The first Soviet correspondent accredited by the Patriarchate, he reported on the work of Vatican II; Anatoly Krasikov was head of the TASS news agency in Rome from 1959 to 1964, in France from 1966, and from 1978, the agency’s Deputy General Director.

When he returned from Italy in the mid 1960’s, he prepared his dissertation on the Vatican II Council and passed exams for his PhD candidacy at Moscow State University. Learning, however, that a “clear and militantly atheistic text” was expected at his defence, he refused the degree. In 1990, having spent many years studying the Spanish experience of a peaceful transition from Franco’s dictatorship to democracy, Anatoly Andreyevich defended his doctoral dissertation on this subject in the field of the History of International Relations.

But the primary theme of his research and academic publication was the role of religion in Russian, European and world politics. He associated his great interest in the history and culture of Europe with his time at MGIMO, when he attended the lectures – always to a packed lecture hall – of “old school” academic Yevgeny Viktorovich Tarle.

“Anatoly Andreyevich was one of a very few people in modern Russia who really belonged to Christian public life – a phenomenon which was much spoken of at the beginning of the 20th c., but which we hear almost nothing of now,” added Gasak. “In my view, Anatoly Andreyevich carried Christian public life within himself. Christian unity was an issue in which he took a live interest. Despite the fact that he worked in a position which presupposed rigid ideological obedience to the Soviet government, he was a Christian believer and an authentic Orthodox Christian person, who was both attentive and open. Whenever we would meet at various conferences in Europe or here in Russia, it was clear that a diverse range of people valued and respected him – from representatives of lay Christian movements to high-ranking officials of the Vatican. His death is yet another sign of the passing not only of the 20th c., but of the post-Soviet “thaw” of the 1990s and the early 2000s – that era which is associated with the inspiration of freedom.”

For 10 years, from 1978 to 1988, Anatoly Krasikov was in charge of media related to the celebration of the 1000th anniversary of the Baptism of Rus, and in the 1990s he became one of the founders of the Russian Presidential Advisory Council for Cooperation with Religious Associations.

“As is well-known, one never has many friends, and he was an authentic friend, and we could always sense that friendship,” shared Gasak. “He was one of few people in Russia who really understood what Christian politics is, he understood church-society relations, and he helped and advised us and gave us introductions, understanding that this side of life is also important for such a lay Christian movement within the Russian Orthodox Church as the Transfiguration Brotherhood.” 

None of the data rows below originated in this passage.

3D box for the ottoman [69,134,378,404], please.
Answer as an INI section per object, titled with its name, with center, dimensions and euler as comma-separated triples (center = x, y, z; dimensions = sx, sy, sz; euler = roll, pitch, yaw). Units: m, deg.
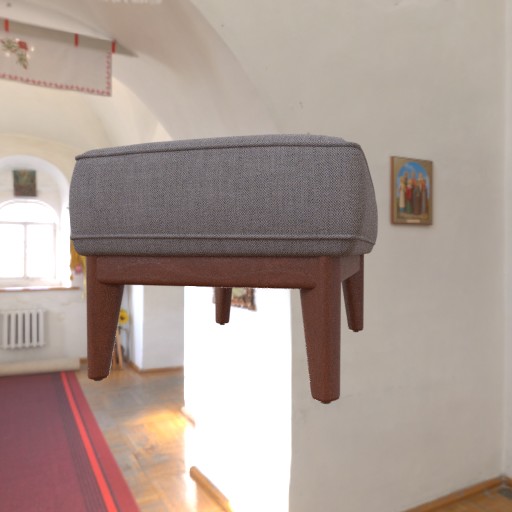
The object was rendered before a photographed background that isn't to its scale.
[ottoman]
center = 0.000, 0.000, 1.072
dimensions = 0.555, 0.458, 0.750
euler = 0, 1, 17
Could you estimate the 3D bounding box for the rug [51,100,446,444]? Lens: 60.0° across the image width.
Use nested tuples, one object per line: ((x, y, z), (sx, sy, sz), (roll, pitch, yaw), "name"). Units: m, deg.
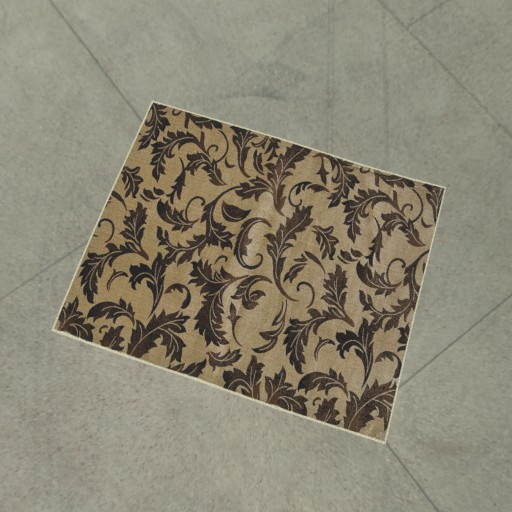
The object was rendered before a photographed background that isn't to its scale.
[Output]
((0.000, 0.000, 3.990), (2.977, 0.008, 2.380), (18, 76, 4), "rug")
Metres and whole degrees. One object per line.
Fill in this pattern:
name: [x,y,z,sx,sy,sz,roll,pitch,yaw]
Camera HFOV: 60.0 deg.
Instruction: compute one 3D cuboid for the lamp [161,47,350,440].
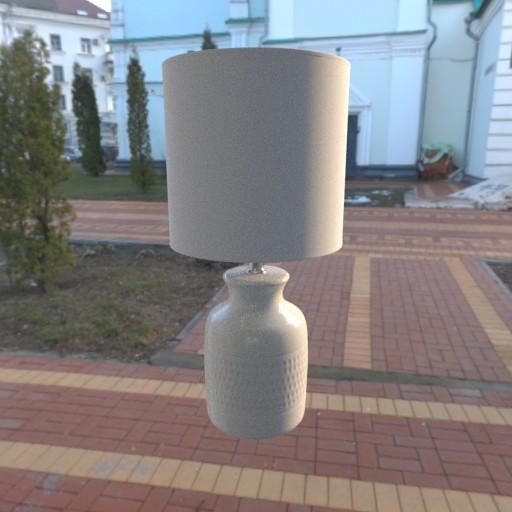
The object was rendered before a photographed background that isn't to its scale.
lamp: [0.000,0.000,0.495,0.188,0.392,0.188,7,15,26]
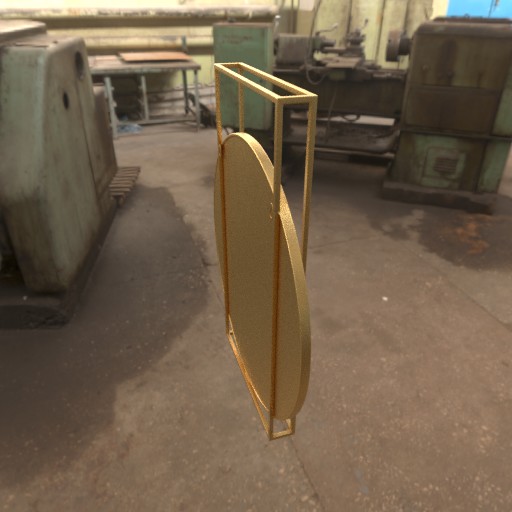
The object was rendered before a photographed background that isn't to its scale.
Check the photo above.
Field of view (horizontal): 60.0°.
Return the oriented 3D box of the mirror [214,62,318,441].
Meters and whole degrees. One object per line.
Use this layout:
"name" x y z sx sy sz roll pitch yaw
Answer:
"mirror" 0.000 0.000 0.796 0.051 0.603 0.508 -9 32 -15
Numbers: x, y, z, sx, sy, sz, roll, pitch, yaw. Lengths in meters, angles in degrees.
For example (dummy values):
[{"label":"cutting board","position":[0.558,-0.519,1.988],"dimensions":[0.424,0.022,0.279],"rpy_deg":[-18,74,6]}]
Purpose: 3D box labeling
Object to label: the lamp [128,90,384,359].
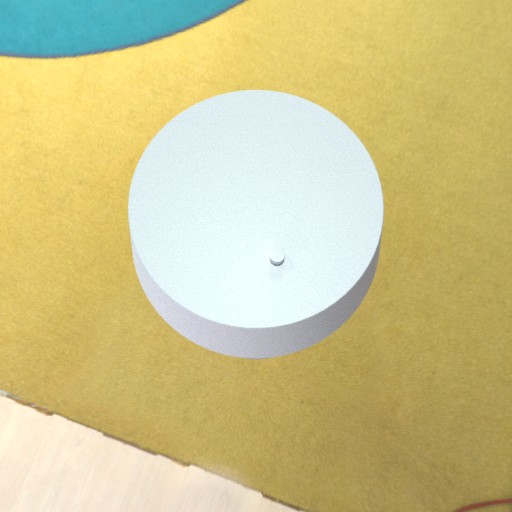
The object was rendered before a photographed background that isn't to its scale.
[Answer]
[{"label":"lamp","position":[0.000,0.000,0.626],"dimensions":[0.291,0.429,0.291],"rpy_deg":[0,75,0]}]
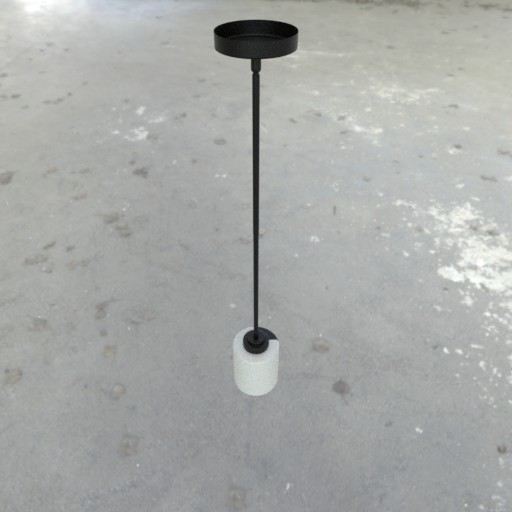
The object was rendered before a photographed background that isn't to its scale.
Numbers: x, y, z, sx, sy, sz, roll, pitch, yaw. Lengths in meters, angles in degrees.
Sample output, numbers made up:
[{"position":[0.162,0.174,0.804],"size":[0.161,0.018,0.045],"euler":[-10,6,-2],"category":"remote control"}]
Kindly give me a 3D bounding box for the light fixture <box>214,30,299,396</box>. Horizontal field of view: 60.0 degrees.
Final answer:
[{"position":[0.000,0.000,0.923],"size":[0.123,0.863,0.123],"euler":[1,41,1],"category":"light fixture"}]
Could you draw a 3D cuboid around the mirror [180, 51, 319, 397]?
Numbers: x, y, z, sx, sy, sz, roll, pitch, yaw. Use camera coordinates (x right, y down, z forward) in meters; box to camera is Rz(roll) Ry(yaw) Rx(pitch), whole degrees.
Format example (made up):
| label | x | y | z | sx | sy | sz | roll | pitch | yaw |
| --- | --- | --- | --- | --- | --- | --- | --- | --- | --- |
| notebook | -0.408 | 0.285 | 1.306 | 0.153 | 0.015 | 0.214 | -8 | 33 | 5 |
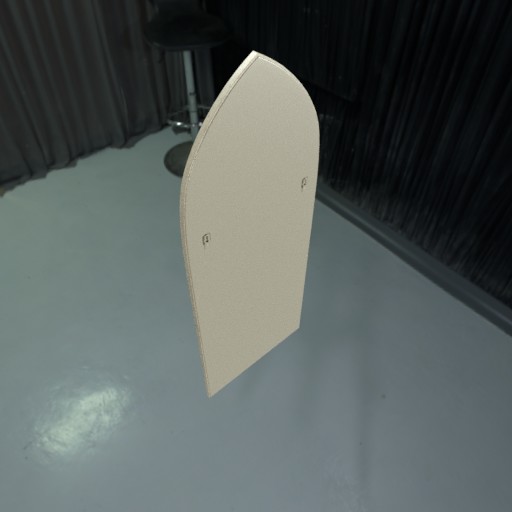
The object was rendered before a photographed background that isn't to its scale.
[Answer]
| label | x | y | z | sx | sy | sz | roll | pitch | yaw |
| --- | --- | --- | --- | --- | --- | --- | --- | --- | --- |
| mirror | 0.000 | 0.000 | 1.305 | 0.464 | 1.175 | 0.025 | -33 | 55 | -27 |
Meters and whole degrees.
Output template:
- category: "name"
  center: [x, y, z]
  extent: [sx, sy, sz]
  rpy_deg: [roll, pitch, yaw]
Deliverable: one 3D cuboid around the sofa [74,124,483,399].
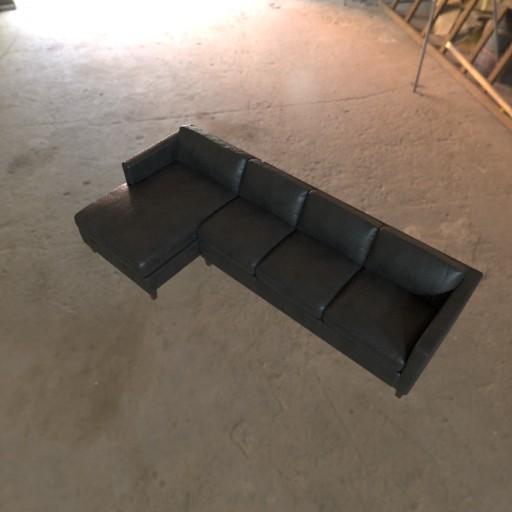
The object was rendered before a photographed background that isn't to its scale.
- category: "sofa"
  center: [0.000, 0.000, 3.863]
  extent: [3.203, 0.883, 1.581]
  rpy_deg: [33, 56, 26]

Anatoly Andreyevich remembered the beginning of our friendship himself, when he congratulated SFI upon its 30th anniversary, saying “My first meeting with the “St. Philarets crowd” was many years ago. During Soviet times there was a Mariners’ Museum at the Church of the Dormition of the Theotokos in Pechatniki. Having returned from abroad, where we had seen many interesting churches, my wife, Nadezhda Stepanovna, and I, decided to visit various churches in Moscow, when there were but a few. We learned that on the site of the former Mariners’ Museum the church was to open its doors. We went to that church and were introduced to the community, many of whom to this day are teachers and employees of St. Philaret’s Institute. This first meeting, fortunately, turned out to be but one of many. I was honoured to chosen a Trustee of the Institute, where I met many colleagues.”

Upon retiring from government service in 1996, Anatoly Andreyevich began to work at the Russian Academy of Sciences Institute of Europe, where until 2016 he headed the Centre for the study of Society and Religion. From 1997-2003 he was the President, and from 2004 President Emeritus of the Russian office of the International Association for Religious Freedom.

“If public life in our country is not ultimately to lose its Christian foundations, then the professional and personal experience of Anatoly Andreyevich will without a doubt be needed,” concluded Dmitry Gasak.

We shall cherish the memory of our friend Anatoly Andreyevich Krasikov!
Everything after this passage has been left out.